Depuis lundi, la délégation américaine aux Nations Unies refuse toute discussion sur ce texte de résolution qui qualifie les implantations d’«illégales» et d’«obstacle majeur» à la paix.
Mardi, les Etats-Unis avaient boycotté une réunion d’experts chargés d’affiner le projet en réaffirmant que l’ONU n’est pas l’enceinte appropriée pour discuter de questions «bilatérales» israélo-palestiniennes.
Mercredi toutefois, le secrétaire d’Etat Madeleine Albright, s’adressant à Benjamin Netanyahu, s’est déclarée «surprise» par le projet israélien, précisant que les USA «avaient été pris de court» et étaient, de ce fait, dans une position délicate aux Nations Unies, ainsi que l’a souligné une source officielle américaine.
Un porte-parole du ministère israélien des Affaires étrangères a estimé que «les Etats-Unis tenteront sans doute d’infléchir le gouvernement israélien pour qu’il revienne sur sa décision de construire Har Homa».
Yasser Arafat, président de l’Autorité palestinienne, a été reçu mercredi de manière informelle par les 15 membres du Conseil de Sécurité, avant un débat public sur «la situation dans les territoires occupés» organisé à la demande du groupe arabe à l’ONU.
Dans des déclarations à la presse juste avant la réunion informelle, M. Arafat a qualifié de «sérieuse» la décision israélienne de construire un nouveau quartier à Djebel Abou Ghneim (Har Homa en hébreu), au sud-est de Jérusalem.

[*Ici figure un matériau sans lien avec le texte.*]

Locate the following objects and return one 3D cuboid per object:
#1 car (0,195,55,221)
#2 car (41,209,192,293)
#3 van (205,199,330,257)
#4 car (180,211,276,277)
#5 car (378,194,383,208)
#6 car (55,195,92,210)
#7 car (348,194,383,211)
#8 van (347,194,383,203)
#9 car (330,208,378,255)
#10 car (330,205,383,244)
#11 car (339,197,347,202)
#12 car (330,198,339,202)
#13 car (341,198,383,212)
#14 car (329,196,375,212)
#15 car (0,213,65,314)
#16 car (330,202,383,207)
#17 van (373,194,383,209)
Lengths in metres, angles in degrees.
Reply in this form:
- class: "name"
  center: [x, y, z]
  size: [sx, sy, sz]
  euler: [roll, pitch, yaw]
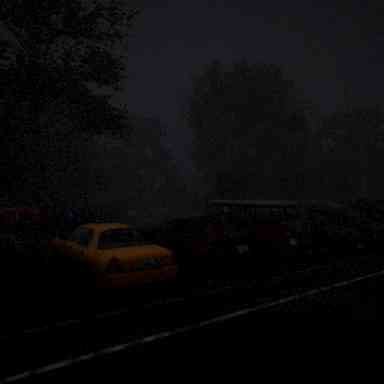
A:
- class: "car"
  center: [-10.065, 1.224, 19.327]
  size: [2.435, 2.045, 5.566]
  euler: [0, 0, -36]
- class: "car"
  center: [-2.398, 1.471, 8.993]
  size: [1.946, 1.575, 5.366]
  euler: [0, 0, -36]
- class: "van"
  center: [2.338, 1.262, 12.009]
  size: [1.878, 1.987, 4.442]
  euler: [0, 0, -36]
- class: "car"
  center: [-0.028, 1.510, 10.496]
  size: [2.163, 1.488, 4.792]
  euler: [0, 0, -36]
- class: "car"
  center: [30.644, 1.342, 48.515]
  size: [2.435, 2.045, 5.566]
  euler: [0, 0, -36]
- class: "car"
  center: [-7.900, 1.230, 20.876]
  size: [2.435, 2.045, 5.566]
  euler: [0, 0, -36]
- class: "car"
  center: [23.871, 1.323, 43.671]
  size: [2.435, 2.045, 5.566]
  euler: [0, 0, -36]
- class: "van"
  center: [11.458, 1.288, 18.532]
  size: [1.878, 1.987, 4.442]
  euler: [0, 0, -36]
- class: "car"
  center: [4.567, 1.524, 13.711]
  size: [2.163, 1.488, 4.792]
  euler: [0, 0, -36]
- class: "car"
  center: [6.847, 1.530, 15.341]
  size: [2.163, 1.488, 4.792]
  euler: [0, 0, -36]
- class: "car"
  center: [14.965, 1.545, 37.037]
  size: [1.946, 1.575, 5.366]
  euler: [0, 0, -36]
- class: "car"
  center: [12.595, 1.542, 35.577]
  size: [2.231, 1.521, 4.892]
  euler: [0, 0, -36]
- class: "car"
  center: [21.647, 1.597, 42.009]
  size: [2.163, 1.488, 4.792]
  euler: [0, 0, -36]
- class: "car"
  center: [19.353, 1.435, 40.442]
  size: [2.185, 1.767, 4.553]
  euler: [0, 0, -36]
- class: "car"
  center: [-4.565, 1.469, 7.208]
  size: [2.097, 1.535, 5.008]
  euler: [0, 0, -36]
- class: "car"
  center: [9.113, 1.507, 16.992]
  size: [2.097, 1.535, 5.008]
  euler: [0, 0, -36]
- class: "van"
  center: [28.334, 1.361, 46.972]
  size: [1.878, 1.987, 4.442]
  euler: [0, 0, -36]

Cette décision, a-t-il dit, a «affecté le processus de paix» et «nous devons trouver une solution pour protéger» ce processus.
Le débat en séance publique au Conseil de Sécurité, qui devait initialement se tenir mardi à 15h30 GMT, a été reporté, visiblement pour donner du temps aux négociations en coulisses.
Le simple fait que le débat ait été reporté de plus de vingt-quatre heures, à la demande conjointe des Américains et des Palestiniens, indique que M. Arafat (qui était jusqu’à mardi à Washington) a déjà obtenu certaines contreparties, a estimé une source européenne.
Ces contreparties, a ajouté cette source, pourraient être liées au degré de redéploiement de l’armée israélienne dans les territoires occupés ou simplement au fait que Washington ne s’opposerait pas, avec un veto, à la résolution critiquant la colonisation à Jérusalem-Est.